Promo suggested on more than one occasion that they throw Spice overboard, or slaughter him, and on more than one occasion, Stacey was inclined to agree with him. However, she simply could not bring herself to get rid of the wonderful talking cat.

One evening, during a terrible storm, Otto was running around the deck, shouting orders on behalf of his captain, and supervising the reefing of sails and the battening down of hatches. In his haste to run to one of the men to explain to him how to do it properly, he accidentally kicked poor old Spice, who was cowering against the mast.

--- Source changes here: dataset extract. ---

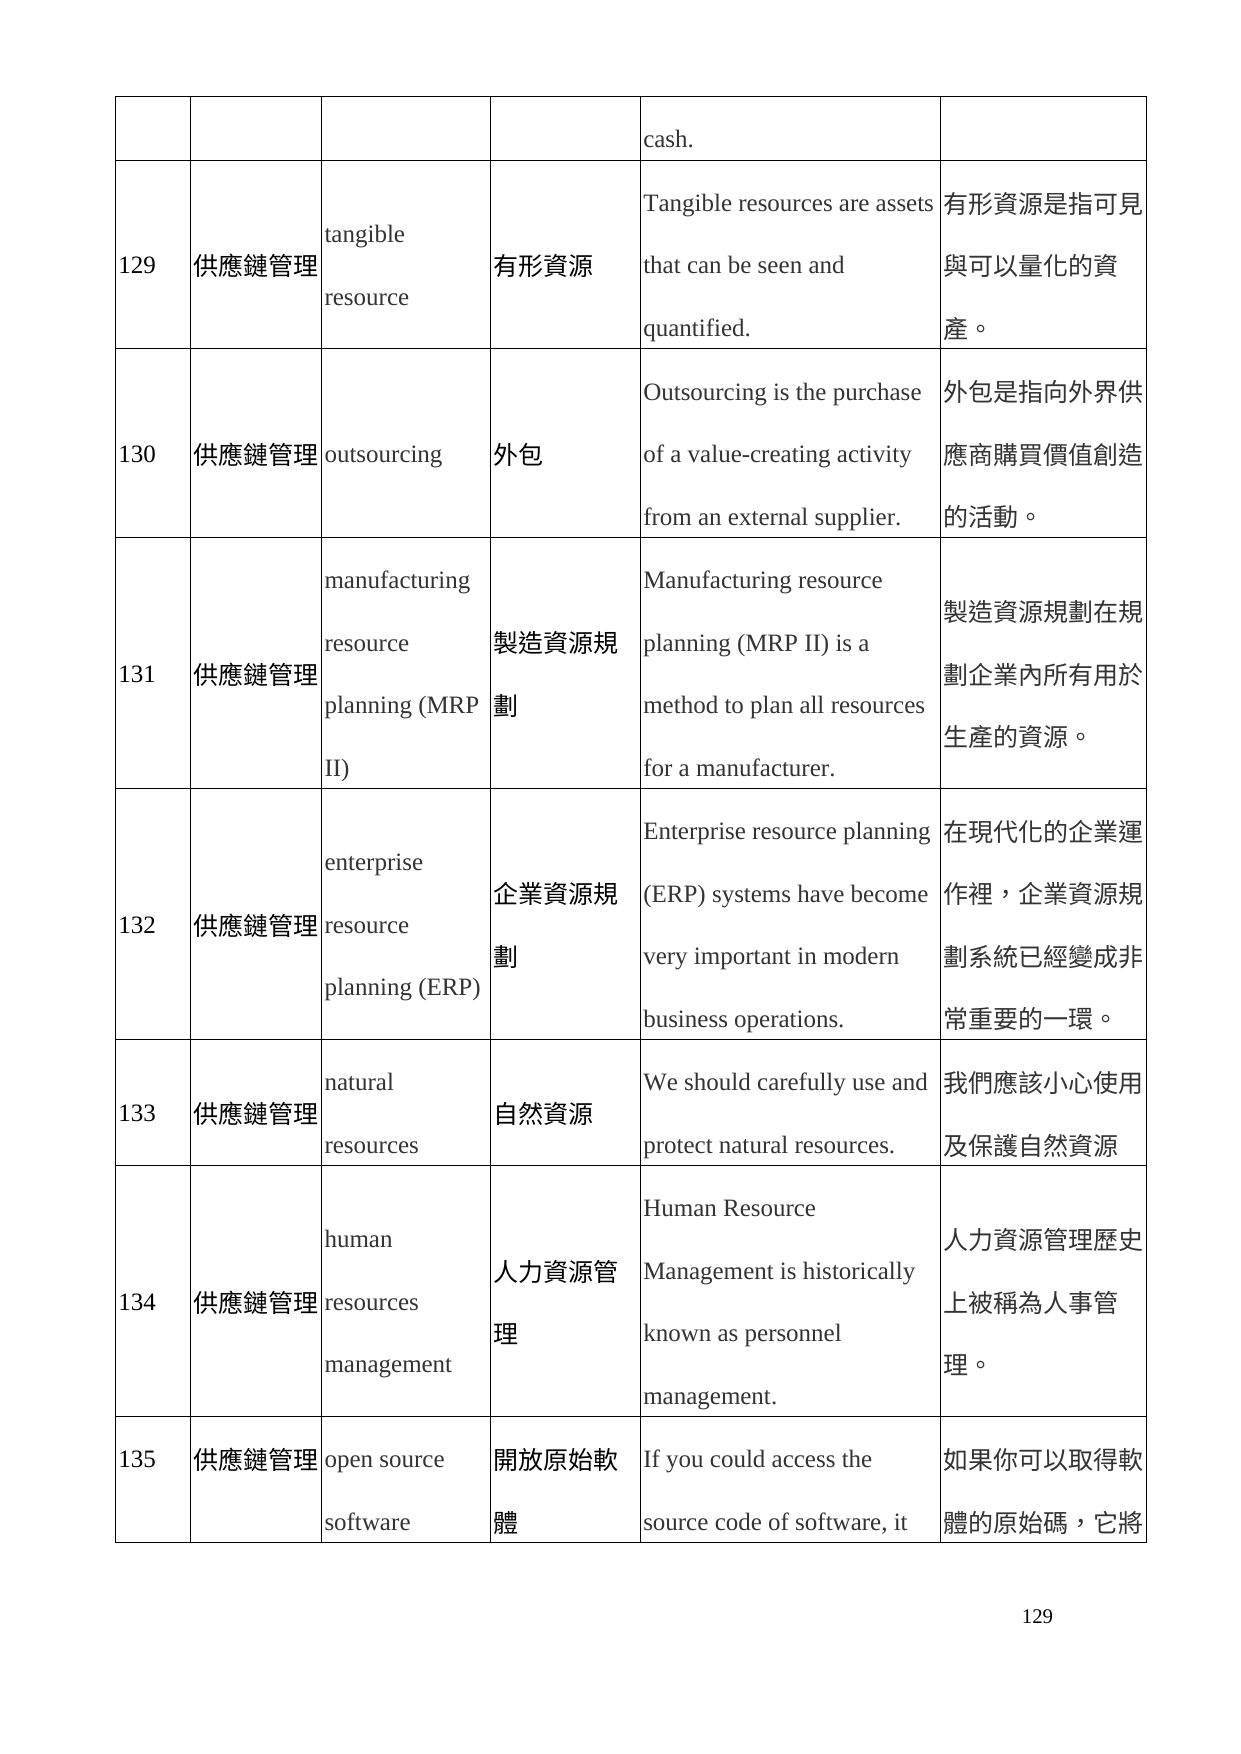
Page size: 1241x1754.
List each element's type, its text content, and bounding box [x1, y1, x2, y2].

The cat went flying through the air, over the edge of the ship, and into the water. Realising immediately what he had done, he raced to the railing in time to see Spice treading water in the choppy sea. Lightning flashed in the distance, and Otto didn't know what to do.

He called for the captain, who arrived just in time to see a massive whale ascend from the deep and swallow Spice whole.


The captain had been livid that day, but overall she was pleased at how well they had weathered the storm. That evening, she had sat in her armchair, sipping a healthy glass of rum, enjoying the silence, and quietly saying goodbye to the cat who wouldn't stop complaining.